Building an AI Music Composition App: Speed, Creativity, and What Gets Lost

📅 November 11, 2025 📁 Personal 🏷 ai , music-tech , claude-code , openai , creativity , learning ⏱ 12 min read

I had a really fun day (11-11-25) experimenting today with Claude Code on a prototype musical composition application.

It’s truly mind-blowing how quickly the tech is evolving. I have mixed feelings about the way this is impacting human creativity and learning. I’m considering collaborating with a friend (Jason) who has deep experience as a product manager for Finale, which I was first exposed to way back in grade school when my band director encouraged my friends and I to explore composing short fanfares for a student competition… Spoiler - we all won! We had our fanfares performed by a local orchestra. That experience was exciting - and I think an application that applies new advances in both musical tech and AI could help bridge the divide and encourage younger people to explore being creative in the musical realm. My hesitations involve just how easy it was to spin up this application - what would have taken weeks or months just a few years ago is now possible in a matter of hours.

After a conversation with Jason to explore different possibilities for creating an application and what path we might take, I had Claude first do some research for us (it’s not covered in the AI blog summary) to get some ideas for MVP prototypes. Claude suggested a number of prototypes: Natural Language → MIDI Prototype, Style Learning Prototype, Interactive Composition Chat, Harmonic Assistant, “Variations Generator”, and Context-Aware Critique.

We decided to have it build the Interactive Composition Chat to start. Within literally minutes, we had the core code for a python application using this tech stack:

  • Backend: Python FastAPI
  • Frontend: Simple HTML/CSS/JS with chat UI
  • Notation: ABC notation + abc.js renderer
  • Music Generation: AI-guided ABC notation generation
  • AI: OpenAI GPT-4 for conversation + music understanding

I didn’t review the code at all - just let Jason know there was potential to check it out. He spun it up and got some server errors on the frontend. Later in the evening I spent some time with Claude debugging, and within about an hour we refactored the application and had a working MVP prototype that takes an English language suggestion, runs it through OpenAI, and generates actual music in ABC notation which is transcribed on the screen as musical notes with a simple piano midi audio sample.
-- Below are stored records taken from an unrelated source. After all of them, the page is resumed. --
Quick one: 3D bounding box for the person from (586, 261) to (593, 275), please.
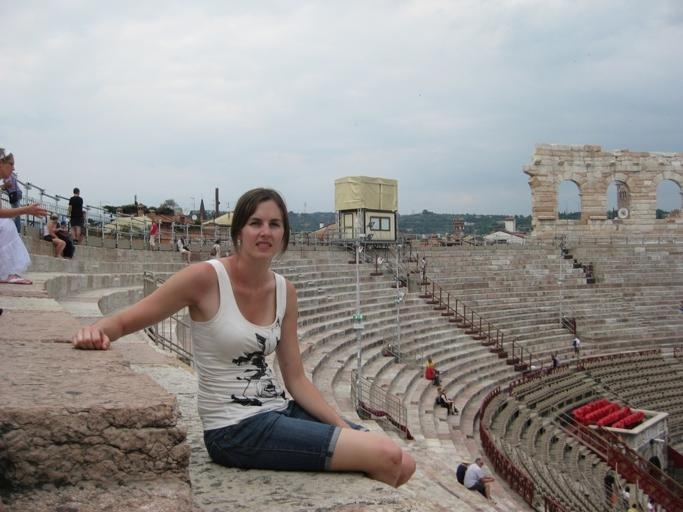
[{"bbox_3d":[13.303,0.667,31.382,0.404,0.643,0.992,1,2,23],"label":"person"}]

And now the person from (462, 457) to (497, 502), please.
[{"bbox_3d":[2.524,4.067,10.699,0.553,0.780,0.359,-2,-2,-6],"label":"person"}]

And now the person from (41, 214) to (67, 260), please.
[{"bbox_3d":[-6.537,-0.468,13.271,0.514,0.932,0.344,7,1,7],"label":"person"}]
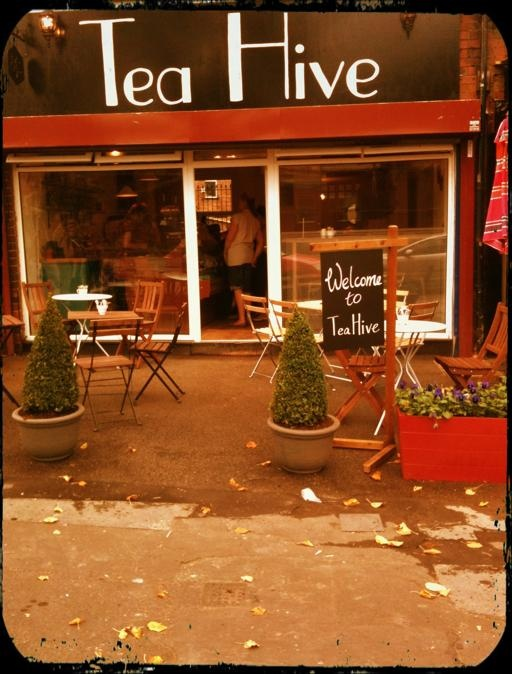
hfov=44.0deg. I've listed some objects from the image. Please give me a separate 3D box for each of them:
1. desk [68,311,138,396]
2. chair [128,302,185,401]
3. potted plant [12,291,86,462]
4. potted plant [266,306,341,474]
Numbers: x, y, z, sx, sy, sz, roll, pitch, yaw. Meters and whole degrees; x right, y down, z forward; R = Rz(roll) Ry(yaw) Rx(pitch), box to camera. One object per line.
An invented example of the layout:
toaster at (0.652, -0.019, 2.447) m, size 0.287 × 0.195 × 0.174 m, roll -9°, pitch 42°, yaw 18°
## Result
desk at (-1.775, 0.207, 7.415) m, size 0.875 × 1.066 × 0.815 m, roll -1°, pitch 17°, yaw -17°
chair at (-1.276, 0.212, 8.182) m, size 0.673 × 1.238 × 0.946 m, roll 8°, pitch 10°, yaw -5°
potted plant at (-1.697, 0.374, 5.151) m, size 0.553 × 1.327 × 0.443 m, roll -3°, pitch 8°, yaw -24°
potted plant at (0.367, 0.449, 4.849) m, size 0.537 × 1.246 × 0.417 m, roll 0°, pitch 7°, yaw 1°
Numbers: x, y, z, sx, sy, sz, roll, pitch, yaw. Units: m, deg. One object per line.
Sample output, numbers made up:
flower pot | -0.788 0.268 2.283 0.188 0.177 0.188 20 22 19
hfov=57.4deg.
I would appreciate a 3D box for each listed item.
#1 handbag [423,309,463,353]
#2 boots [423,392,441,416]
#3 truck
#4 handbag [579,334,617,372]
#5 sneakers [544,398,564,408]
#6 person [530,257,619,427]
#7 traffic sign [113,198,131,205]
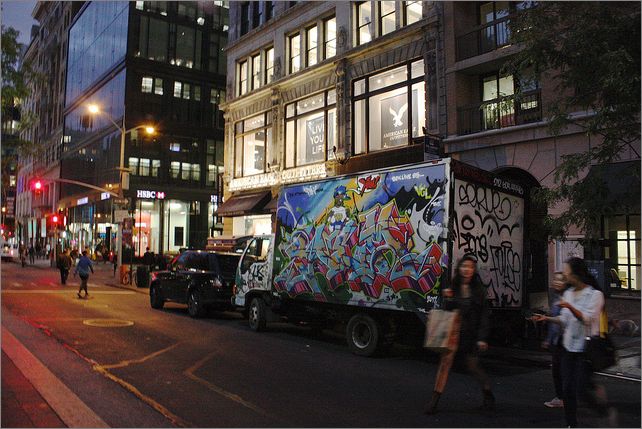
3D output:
handbag | 2.493 2.310 12.520 0.796 0.426 1.112 1 -52 -2
boots | 2.408 4.000 12.560 0.487 0.487 0.243 -1 5 -29
truck | 1.272 1.548 18.458 8.992 5.329 4.431 -2 -7 44
handbag | 5.740 2.824 12.005 0.487 0.902 0.852 -26 -26 28
sneakers | 5.177 4.141 12.954 0.432 0.212 0.171 -4 -9 17
person | 5.268 2.673 11.930 1.273 3.506 0.767 3 5 23
traffic sign | -12.125 -0.796 35.564 0.832 0.351 0.118 3 5 23

Maybe for younger people this wouldn’t be so surprising, but I am somewhat of a dinosaur … in that I can remember when a prototype like this would have been impressive enough to pitch and build a product! It’s fascinating to see the evolution of what’s possible…
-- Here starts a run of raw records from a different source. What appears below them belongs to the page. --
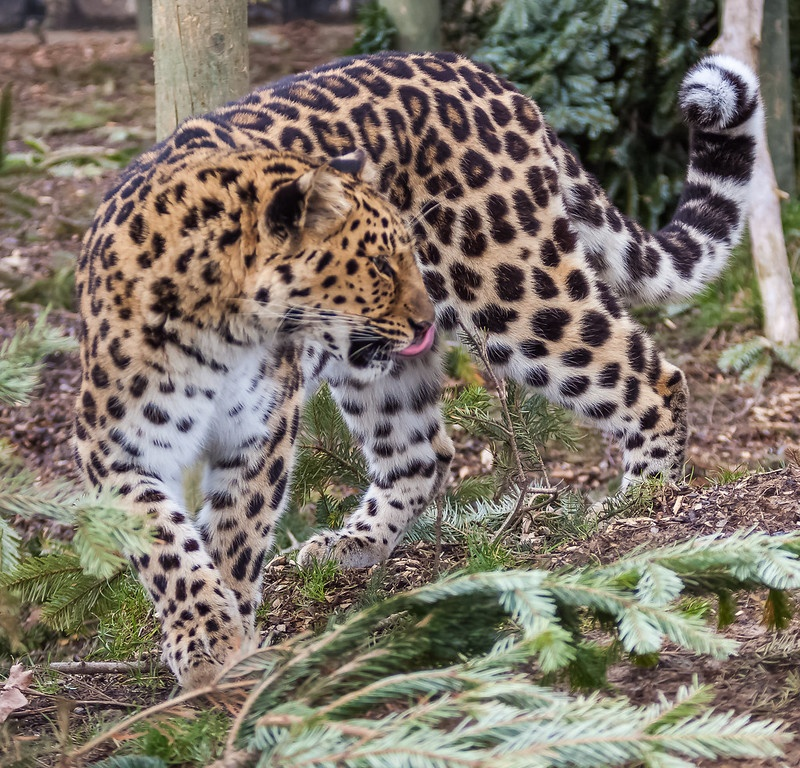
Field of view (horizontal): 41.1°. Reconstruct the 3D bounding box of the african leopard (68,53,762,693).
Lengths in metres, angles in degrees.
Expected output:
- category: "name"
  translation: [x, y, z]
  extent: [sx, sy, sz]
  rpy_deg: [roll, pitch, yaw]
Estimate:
- category: "african leopard"
  translation: [0.051, -0.157, 3.558]
  extent: [2.683, 1.720, 1.129]
  rpy_deg: [-22, 33, -39]

My concern is that the speed at which one can do things like this with technology will discourage people from taking the time to actually learn to do things that require consistent and dedicated practice - like learning to play an acoustic instrument! In any event, maybe this concern is my achilles heal, because what’s truly awesome is the possibility that lies ahead.

I’m looking forward to more nights tinkering and building and the potential for what is possible - and I hope maybe we can find ways to use these technological advances to encourage curiosity and learning. Maybe we can build a product that will inspire and encourage people who are intimidated or frustrated by the barrier to entry when learning to read and understand music, or play an instrument, or compose a tune. Or maybe we will end up building a serious product that can be used by professionals? Who knows…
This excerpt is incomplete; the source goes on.